Introduction In the current system of providing medical aid to wounded servicemen, along with the conservative primary surgical treatment and minimally invasive extrafocal fixation, high-tech surgical interventions of considerable complexity with the use of additive and tissue-engineering technologies have been coming to the forefront. It is necessary to determine their place in the current algorithm of limb bone defect management, which was the substantiation of our study.

The purpose of the study was to improve the algorithm for selecting a treatment method for patients with associated gunshot defects of the forearm based on the literature and clinical observations.

Materials and Methods We analyzed scientific articles in PubMed and Scientific Electronic Library (eLIBRARY.ru) platforms, published from 2004 to 2024, on the basis of which we could refine the algorithm of treatment method selection for patients with associated gunshot defects of the forearm. The developed algorithm was used to treat 178 patients with gunshot fractures of the forearm.

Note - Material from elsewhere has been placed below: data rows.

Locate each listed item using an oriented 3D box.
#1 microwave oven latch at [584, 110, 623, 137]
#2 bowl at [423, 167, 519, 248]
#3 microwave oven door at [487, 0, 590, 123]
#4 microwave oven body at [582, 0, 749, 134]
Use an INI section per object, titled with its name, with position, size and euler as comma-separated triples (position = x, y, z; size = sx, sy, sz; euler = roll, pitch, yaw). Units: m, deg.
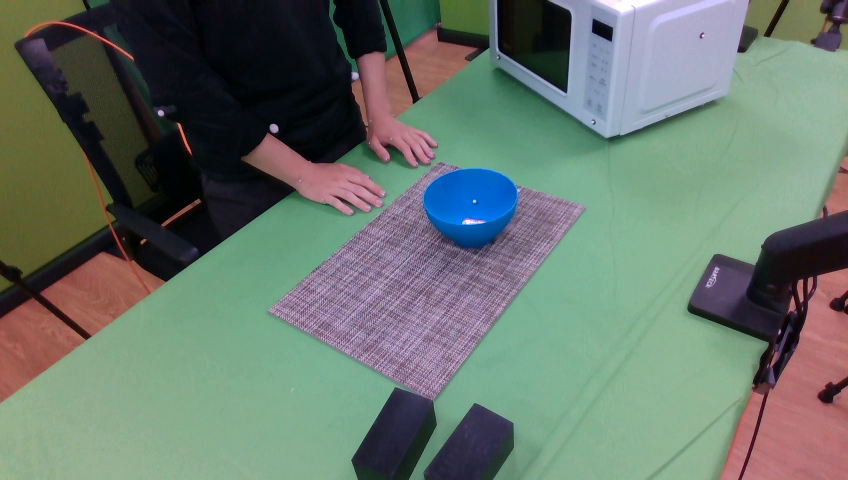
[microwave oven latch]
position = 0.337, -0.222, 1.142
size = 0.030, 0.029, 0.078
euler = -21, 42, -14
[bowl]
position = 0.075, -0.041, 0.959
size = 0.151, 0.077, 0.150
euler = -4, 40, 4
[microwave oven door]
position = 0.232, -0.420, 1.231
size = 0.039, 0.245, 0.352
euler = -22, 43, -16
[microwave oven body]
position = 0.382, -0.444, 1.246
size = 0.327, 0.261, 0.437
euler = -22, 42, -16

Results The review of the literature established the main provisions and principles that are applied in the reconstruction of the forearm with an associated defect. When choosing the method of bone defect management, a great number of authors tend to build a “reconstructive ladder”, moving from less severe (one bone) and extended defects (small defect up to 2 cm) to more complex (both bones) and massive defect (more than 10 cm). Upon having considered the revealed regularities, we improved the algorithm of surgical treatment of the latter, which is based on two classification principles: defect extention and location. Reconstruction of the forearm as a dynamic system after diaphyseal fractures requires consider the state of the radioulnar joint. The function of the latter depends on the length ratio of the radius and ulna bones. Therefore, we substantiated small (up to 2 cm) forearm bone defects that can be managed by simple surgical methods. Another fundamental addition to the algorithm was the allocation of a patients’ group with a defect of one forearm bone and a fracture of the other bone (defect-fracture); this combination allows avoiding complex surgical methods for reconstruction and use segment shortening.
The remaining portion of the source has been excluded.